Nunca había sido más difícil comunicarse que en esta era. Mientras más medios de tenemos, más frustraciones encontramos. Antes teníamos que llegar a casa para saber si alguien nos había buscado. Si funcionaba la contestadora —cuando la hubo—, llegar a una casa vacía no implicaba haberse perdido los recados. Y sabías que, dependiendo quién recibiera la llamada sabías si te darían o no el recado. Aquello era un volado. Depender de la contestadora, del tránsito, de la distancia y de que el otro se encontrara en su casa para poder hablar brindaba una paz que ahora desconocemos.

Antes tenías que ir al correo para mandar una carta. Dependías del horario y de la oportunidad. Y había que esperar no sé cuánto tiempo para tener una respuesta: días.
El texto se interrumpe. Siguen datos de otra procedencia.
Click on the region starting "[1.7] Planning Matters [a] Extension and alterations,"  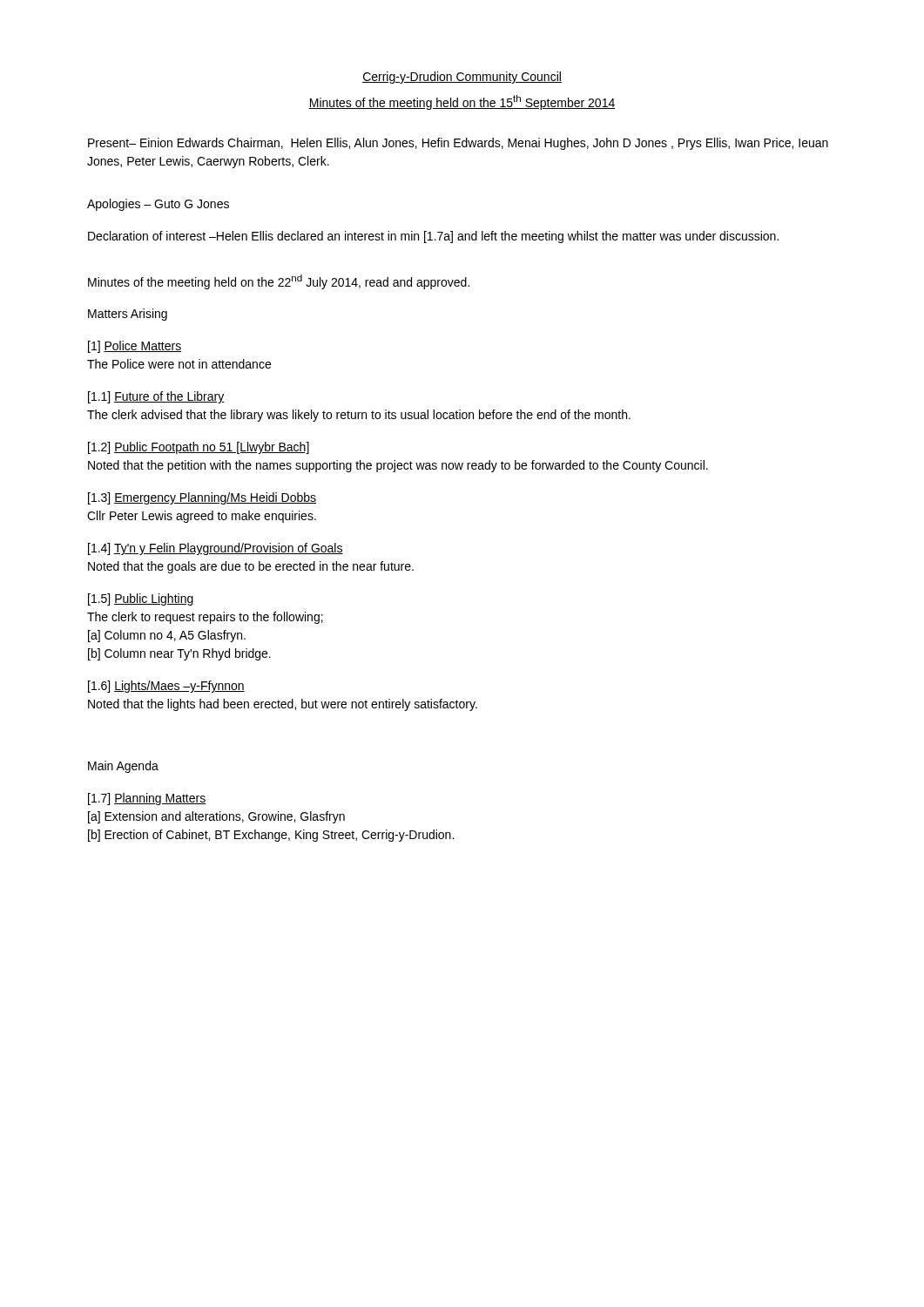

Era lindo llegar a casa y descubrir que el cartero traía noticias de los hermanos o los tíos o los primos de fuera. Era bueno para nuestra salud emocional saber que estábamos esperando una respuesta, pero no saber cuándo llegaría.

Luego llegaron internet y los teléfonos celulares y todo fue diferente. Pero incluso entonces había un ritmo más relajado que el de hoy. Tenías que llegar a casa o a la escuela o a la oficina de tu papá para poder leer tus mails. Y llamar por celular era algo que reservábamos para una emergencia, para invitaciones y cancelaciones de último minuto, para decir algo muy concreto. Eran las llamadas de casa a casa las que se hacían sólo para saludar, para saber cómo estás o para decirle cosas lindas al niño que te gusta.

Ahora somos esclavos de un aparato que empezó buscando hacerse cada vez más pequeño y ahora es cada vez más grande. Ahora tenemos internet en el teléfono y por una (no tan) módica cantidad podemos chatear, leer correos, tuitear, feisbukear, instagramear, bloguear y hablar todo el tiempo que queramos. Si usted quiere, se puede obsesionar con todas estas, o puede padecer la obsesión de su elección. Mis debilidades son el whatsapp, el tuiter y las estadísticas de este su blog.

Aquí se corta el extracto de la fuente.